== Instructions for the task ==
I would like every line of the records below that contains the word "roll" copied.

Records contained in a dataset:
·····
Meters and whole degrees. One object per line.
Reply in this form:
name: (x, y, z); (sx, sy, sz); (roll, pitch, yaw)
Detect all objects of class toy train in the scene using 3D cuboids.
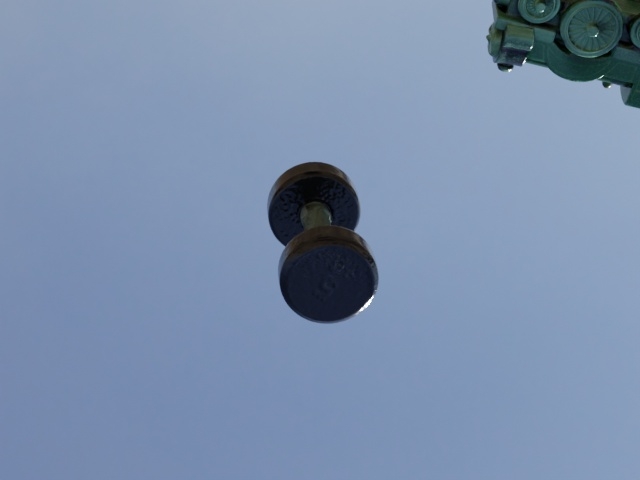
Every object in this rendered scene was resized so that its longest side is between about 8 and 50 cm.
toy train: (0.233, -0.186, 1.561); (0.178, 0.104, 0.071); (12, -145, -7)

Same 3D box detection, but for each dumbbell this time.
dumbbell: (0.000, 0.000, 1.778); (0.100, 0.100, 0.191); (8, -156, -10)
·····
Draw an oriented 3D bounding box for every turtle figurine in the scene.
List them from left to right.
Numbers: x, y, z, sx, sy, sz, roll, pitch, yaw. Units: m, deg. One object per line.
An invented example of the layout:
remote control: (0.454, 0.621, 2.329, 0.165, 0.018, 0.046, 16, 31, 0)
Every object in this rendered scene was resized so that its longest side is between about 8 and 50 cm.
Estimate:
·····
== Your solution ==
name: (x, y, z); (sx, sy, sz); (roll, pitch, yaw)
Numbers: x, y, z, sx, sy, sz, roll, pitch, yaw. Units: m, deg. One object per line.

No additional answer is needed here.